Q: How does breath and movement play a role in both Somato-Respiratory Integration and Network Spinal Analysis?
A: Both Somato-Respiratory Integration (SRI) and Network Spinal Analysis (NSA) fall under the umbrella called Network Care. Let's start with NSA.
When an individual experiences stress physiology due to a stressful event, the expectation of a stressful event, or a memory or recurrence of the event, there is inhibition of the accessory muscles of respiration. The blood supply to the frontal lobe of the cerebral cortex is inhibited, is diminished. This is the part of the brain that coordinates conscious choice and higher human thought and development. A person is geared to focus on the outside, not the inside. They are set to battle or retreat, not to relate or communicate. Thus, they lose their ability to discern subtle cues within and around them.

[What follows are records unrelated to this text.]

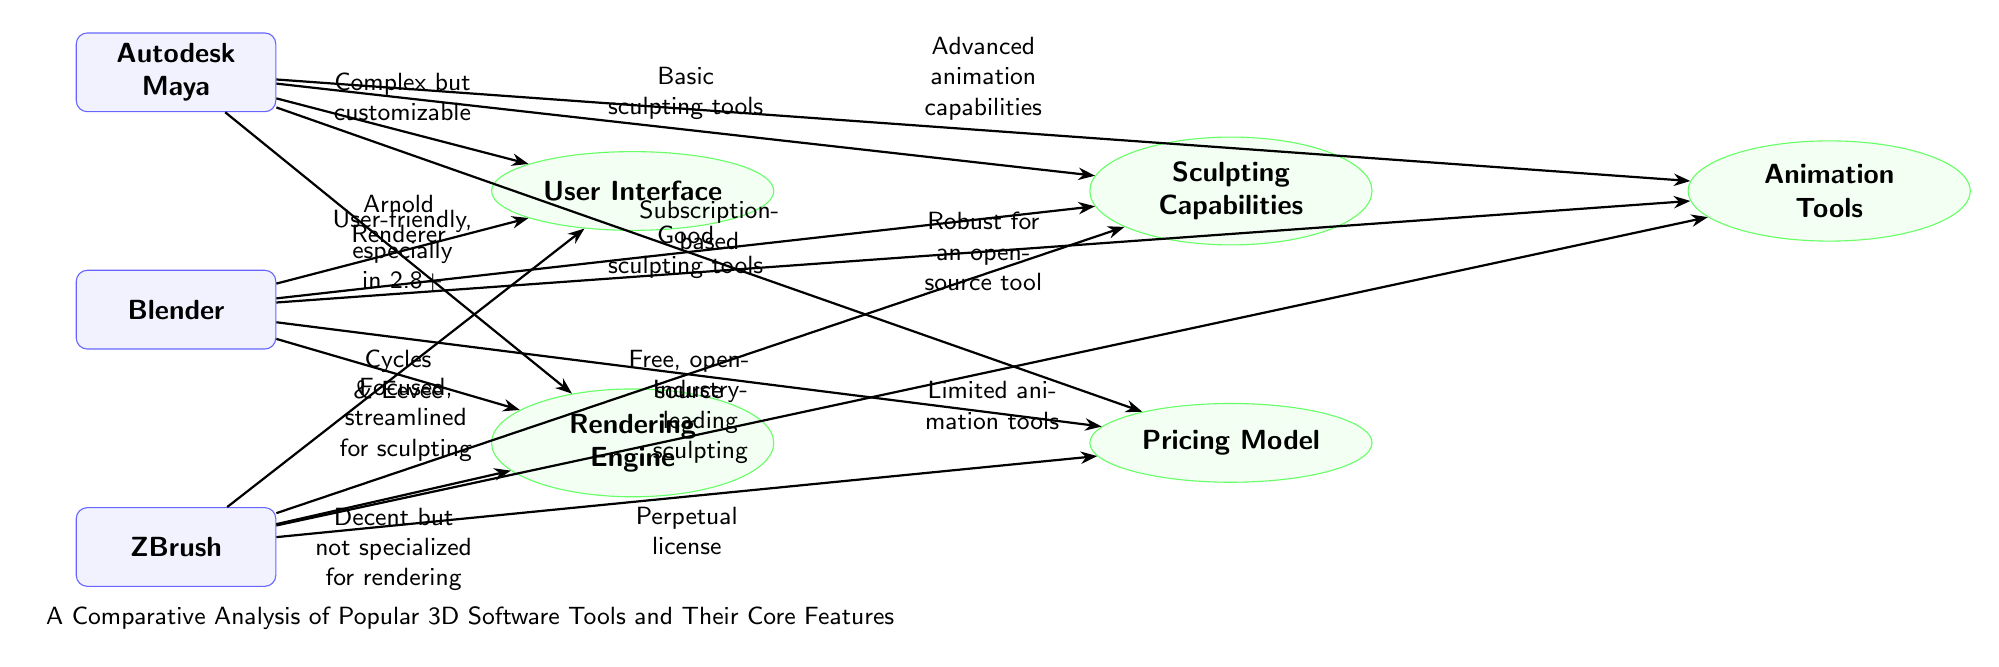What are the three 3D software tools represented in the diagram? The diagram features three software tools: Autodesk Maya, Blender, and ZBrush. These are presented as nodes in the upper section of the diagram.
Answer: Autodesk Maya, Blender, ZBrush Which software has the most advanced animation capabilities? From the arrows pointing towards the Animation Tools feature, Autodesk Maya is indicated as having advanced animation capabilities, as reflected in the label connected to it.
Answer: Autodesk Maya What is Blender's model in terms of pricing? The diagram clearly shows that Blender is labeled as free and open-source, which is stated in the Pricing Model feature.
Answer: Free, open-source How does ZBrush rate in terms of sculpting capabilities compared to the other tools? The diagram designates ZBrush as having industry-leading sculpting capabilities when compared to Maya's basic tools and Blender's good sculpting tools. This is conveyed through the points connecting these software tools to the Sculpting Capabilities feature.
Answer: Industry-leading What is the rendering engine used by Autodesk Maya? The diagram specifically indicates that Autodesk Maya utilizes the Arnold Renderer for its rendering capabilities, connecting this directly from the Maya node to the Rendering Engine feature.
Answer: Arnold Renderer Which software is user-friendly especially in version 2.8 and later? The arrow leading from the Blender node to the User Interface feature mentions it as user-friendly, particularly highlighting version 2.8 and later as a significant improvement in usability.
Answer: User-friendly, especially in 2.8+ What are the unique features of ZBrush in terms of the User Interface? According to the diagram, the User Interface for ZBrush is described as focused and streamlined for sculpting, emphasizing its specialization in that area compared to the other tools.
Answer: Focused, streamlined for sculpting Which of the three software tools has limitations in animation tools? The diagram details that ZBrush has limited animation tools compared to Autodesk Maya and Blender, which both offer stronger capabilities in this feature.
Answer: Limited animation tools What type of licensing model is used for ZBrush? The Pricing Model feature shows that ZBrush operates on a perpetual license, distinguishing it from Blender’s free model and Maya's subscription-based model.
Answer: Perpetual license

A person loses his ability to be aware of his body. Not only does he lose the depth, range and spinal involvement with breathing, but he is not even aware of these changes. The individual is not aware that he is not aware.
The fundamental mechanism at the very basis of Network Care is that the person becomes more aware of his or her breathing. The gentle touch utilized in Network Care instantly results in a deeper, more natural, and spinally integrated respiration. Research demonstrates a person's awareness of breath is statistically linked to enhanced well-being and healthier choices. And so is awareness of their body movement.

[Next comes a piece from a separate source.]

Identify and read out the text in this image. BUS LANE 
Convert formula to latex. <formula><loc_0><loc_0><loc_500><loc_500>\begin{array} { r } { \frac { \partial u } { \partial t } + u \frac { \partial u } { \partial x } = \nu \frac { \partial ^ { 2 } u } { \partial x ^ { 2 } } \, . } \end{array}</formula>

Q: Can you say more about movement?
A: Within Network Care, the gentle touch to the spine is at the Spinal Gateway regions, which are basically access points into the system, so to speak. When a Spinal Gateway is contacted between the area of the neck and the back with a gentle touch, the brain is cued to connect to it. The mind and its transcendent awareness then allow for a new organizational strategy that basically puts parts of the body into motion that were not formally in motion. It produces natural and self-regulatory motions. It produces oscillation in the body, rhythmic movement that connects the individual to himself. The specific motion we see is the exterior sensory motor strategy of rocking a vertebra in what is called a somatopsychic wave. It is a byproduct of Network Care. It develops and is nurtured through this care. This dolphin-like wave and the rocking of the vertebra, tends to produce what appears to be a meditative state in the body and the ability to focus on the internal state even when the external stressors are getting rather intense. So a person can focus on the internal cues, and the adaptive response, rather than the cultural and habitual defensive reaction to the world. This is very, very important. And in Network Care, eventually, we work with people where the person can start using the tension as fuel to reorganize the system to new levels of organization.
Q: And SRI?
A: The idea here is that awareness of the body, its breath and its movement, and the allowing of the natural rhythms that develop produce an instantaneous merging of a respiratory rhythm and the body's somatic rhythm. Somato (body) Respiratory (breathing) Integration is designed to offer you new options in your experience of your body and your personal healing. It educates you to your body's rhythms and inner wisdom through focused attention, gentle breath, motion, and touch.